Greece, which is in danger of defaulting next month, gained time Thursday after lawmakers approved legislation essential for the release of crucial bailout funds.

The European Union and International Monetary Fund had demanded that Athens pass two bills — an austerity law and a second bill detailing how it will be implemented — by June 30 before they approve a $17.3 billion installment in a $159 billion bailout package.

Greece’s Parliament passed the second law by 155 votes to 136 Thursday, a day after voting through the main austerity bill in a vote held as rioters clashed with police outside parliament in a second day of violence.

More than 300 people were injured in two days of mayhem in central Athens, which saw rioters pelting police with anything they could find, and police responding with a barrage of stun grenades and tear gas that still lingered in the city’s central square on Thursday morning.

Windows at cafes and shops were smashed, and a post office housed on the ground floor of the finance ministry building torched. Burning barricades set up across central streets smoldered into the early hours of Thursday.

Across the Ionian Sea, Italian lawmakers were planning a $68 billion austerity sweep to show financial markets and the EU that it is serious about balancing its budget. The three-year-plan was to be announced Thursday by Finance Minister Giulio Tremonti and reportedly aims to bring the government’s budget deficit of 3.9 percent this year to near balance by 2014.

Ratings agencies have recently issued worrisome reports about Italy’s low growth and public debt, which, at around 120 percent of its GDP, is one of the highest in Europe.

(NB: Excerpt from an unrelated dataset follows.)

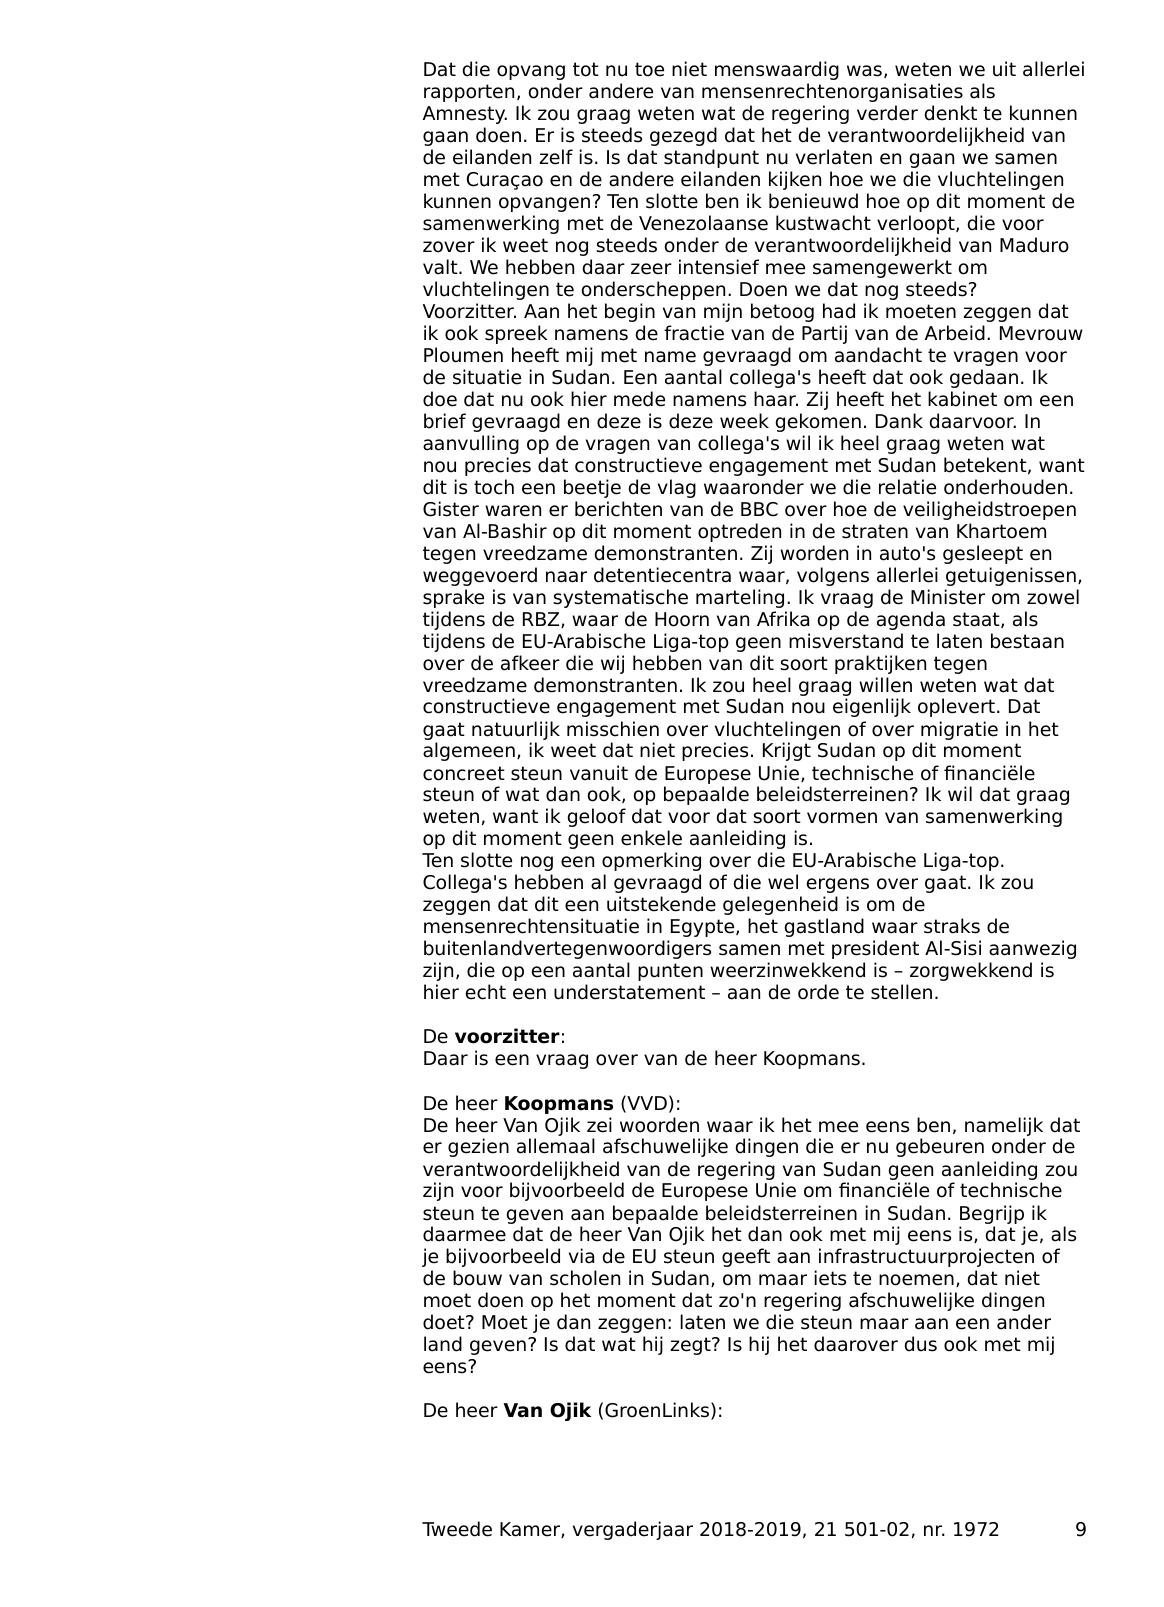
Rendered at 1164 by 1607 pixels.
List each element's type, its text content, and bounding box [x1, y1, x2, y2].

In Portugal, Prime Minister Pedro Passos Coelho announced a new batch of austerity measures that included an additional tax on private income. The country’s high debt load and frail economy have alarmed investors who have demanded unsustainably high returns for loans, forcing the country to take a $113 billion international bailout this year.

“The state of public finances obliges me to ask for more sacrifices,” Passos Coelho said in a speech to Parliament.

Europe’s economic upheaval is proving painful, and faith in the concept of a unified Europe is fading. While there has long been a rolling debate about Europe’s future, it now centers less on building unifying institutions and more on whether the EU can ultimately survive.

Sir Stephen Wall, considered one of Britain’s most influential pro-European diplomats, said the EU may have seen its best days.

“Very few political institutions last forever, and you know we shouldn’t therefore be too gloomy if we think that maybe you know in 40 years’ time this one will be on its way out,” Wall told NPR.

“That doesn’t mean the European Union is going to collapse but I think we’re likely to see, unless there is a dramatic leap forward on the euro, a decline both in our internal coherence and in our relative weight in the world.”

Even so, there are still a few optimists about the EU’s future.

Former British parliamentarian David Marquand, who has written widely on Europe, said he has hope “because I think now it’s gone so far that I just don’t think it can unravel.”

Yet Marquand acknowledges that the eurozone sovereign debt crisis is serious.

“If that crisis is not resolved then there could indeed be a disastrous backlash for the whole project of European Union,” he said. “But I think for that very reason, the governments involved will in the end realize they have to make fundamental changes in order to keep it alive.”

NPR’s Philip Reeves reported from London for this story, which contains material from The Associated Press.